Understanding the relationship between pH and pOH is crucial in solving acid-base chemistry problems. In a neutral solution at 25°C, the sum of pH and pOH is always equal to 14.
This relationship can be expressed by the formula:

• \[ \text{pH} + \text{pOH} = 14 \]

This allows us to calculate one value if the other is known. For instance, if a solution has a pH of 10.09, its pOH can be found by subtracting the pH from 14, resulting in a pOH of 3.91.
This relationship helps in determining the acidity or basicity of a solution by providing insight into the concentration of hydroxide ions \([\text{OH}^-]\) from the given pH.

The concentration of hydronium ions \([\text{H}^+]\) and hydroxide ions \([\text{OH}^-]\) in a solution provides essential information about the solution's nature. These ions are central in water's self-ionization process, expressed as:

• \[ \text{H}_2\text{O} \rightleftharpoons \text{H}^+ + \text{OH}^- \]

The product of these concentrations is a constant at a given temperature, known as the ionic product of water \(K_w\), given by:

• \[ [\text{H}^+] \, [\text{OH}^-] = 1 \times 10^{-14} \]

Given the concentration of hydroxide ions from pOH (in this case, \([\text{OH}^-] = 1.23 \times 10^{-4} \, \text{M}\)), we can calculate \([\text{H}^+]\) using the relationship:

• \[ [\text{H}^+] = \frac{1 \times 10^{-14}}{1.23 \times 10^{-4}} \]

This results in a hydronium ion concentration \([\text{H}^+] \approx 8.13 \times 10^{-11} \, \text{M}\). By understanding both concentrations, we can better understand a solution's acidic or basic nature.

The base ionization constant, \(K_b\), is a crucial parameter in assessing the strength of a base. It quantifies the extent to which a base can dissociate in water, indicating how productive it is in forming hydroxide ions.
The formula for calculating \(K_b\) is:

• \[ K_b = \frac{[\text{OH}^-]^2}{[\text{Base}] - [\text{OH}^-]} \]

In cases with low hydroxide concentrations compared to the base, this formula can simplify to:

• \[ K_b \approx \frac{[\text{OH}^-]^2}{[\text{Base}]} \]

For our solution, with \([\text{OH}^-] = 1.23 \times 10^{-4} \, \text{M}\) and base concentration \([\text{Base}] = 0.015 \, \text{M}\), the calculated \(K_b\) is approximately \(1.01 \times 10^{-7}\). This result helps to understand whether a base is strong, moderately weak, or very weak.

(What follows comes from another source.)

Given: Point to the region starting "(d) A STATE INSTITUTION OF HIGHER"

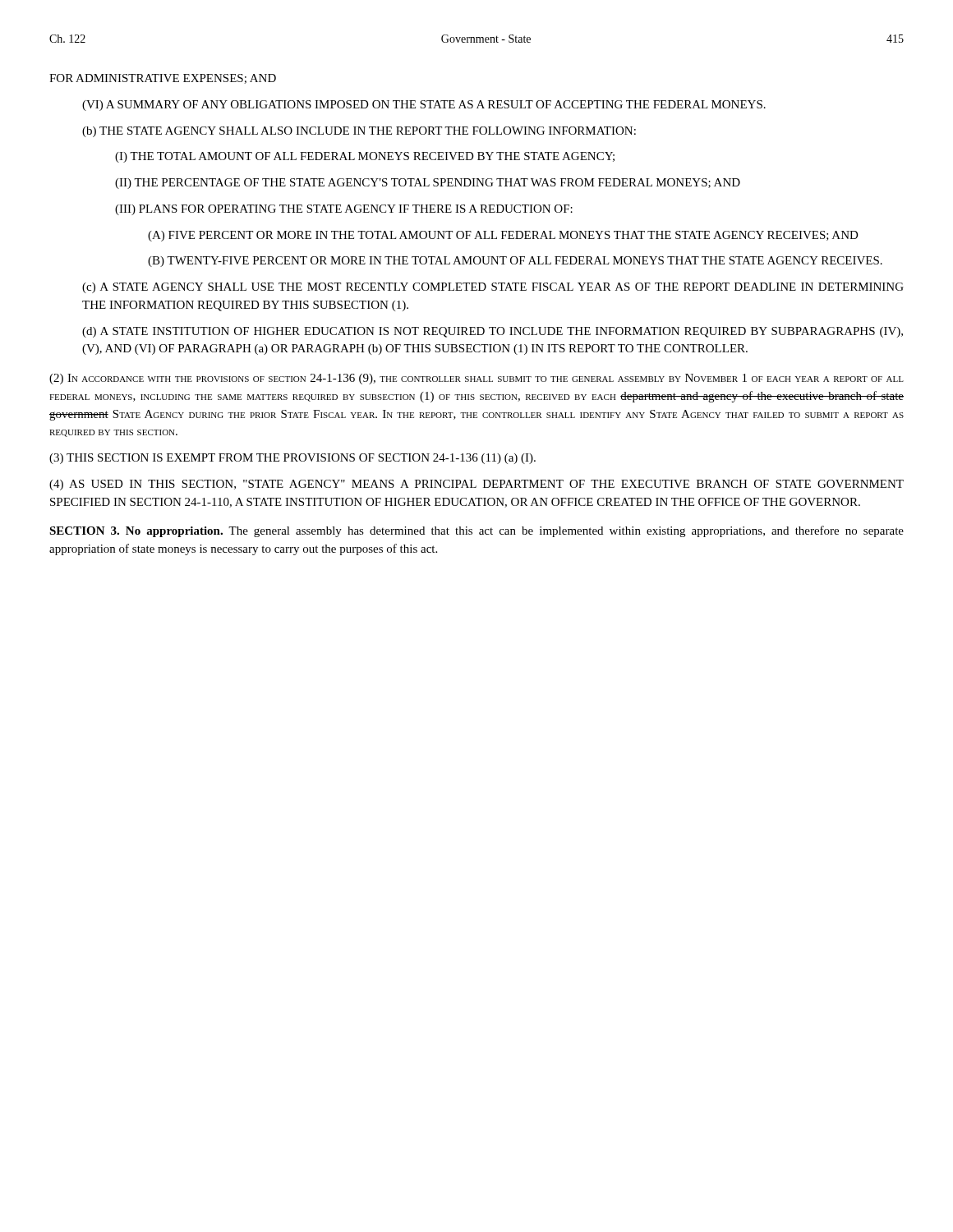Looking at the screenshot, I should point(493,340).

Classifying the strength of acids and bases helps predict their behavior in chemical reactions. The strength of a base is determined by its base ionization constant, \(K_b\).
Strong bases have high \(K_b\) values, indicating a greater tendency to donate electrons and form hydroxide ions. In contrast, weak bases have significantly lower \(K_b\) values.
They ionize less in water.
Our calculated \(K_b\) of the example base, \(1.01 \times 10^{-7}\), is indicative of a moderately weak base.
This particular value situates the base's strength between a strong base, with a higher \(K_b\), and a very weak base, with \(K_b\) near \(10^{-10}\).
Understanding this classification allows us to foresee how bases will behave in water and how they will interact with other chemical species.